I guess the thing is we just don't like each other very much. You're supposed to like your family, but we don't like each other and that's just the way it is. Maybe that will change in the future. Maybe it won't.

When I ran away from home for the first time, I was 15. The parents of one of my friends took me in. I always swore I would give asylum to anyone who was in a desperate situation if I possibly could, and that's one promise I've kept.

Date: 2012-12-08 04:14 am (UTC)
From: [identity profile] fasterpussycat.livejournal.com
It IS progress,my brilliant and amazing LJ pal.

Robin makes you ill. Robin is managing fine on his own, is his own man.
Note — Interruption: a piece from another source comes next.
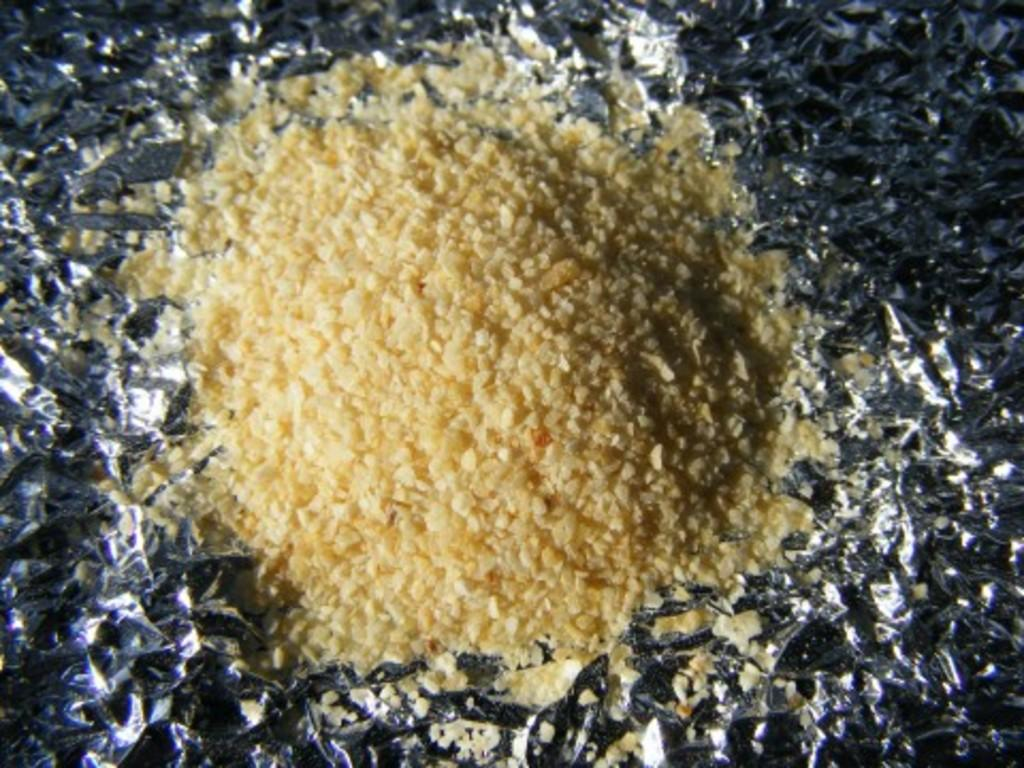What is the main subject of the image? There is a food item in the image. How is the food item presented? The food item is on a silver paper. What month is depicted in the image? There is no month depicted in the image; it features a food item on a silver paper. What scientific principle is demonstrated in the image? There is no scientific principle demonstrated in the image; it features a food item on a silver paper.

Give him a wide berth and you'll be happier for it.

Fill your life with those who enrich it and/or give you orgasms.
Edited Date: 2012-12-08 04:15 am (UTC)

Date: 2012-12-08 02:19 pm (UTC)
From: [identity profile] mallorys-camera.livejournal.com
You make me smile.

Come with me to the Andy Warhol Museum in the spring!

Date: 2012-12-09 01:13 am (UTC)
From: [identity profile] fasterpussycat.livejournal.com
OMG yes!!!!

I will take you.
I will take you all over the freaking place if you'd like. When are you coming? And why? Just a trip?

Date: 2012-12-09 06:58 pm (UTC)
From: [identity profile] ccjohn.livejournal.com
God this is horrible.

I'm just now seeing it. I am so sorry.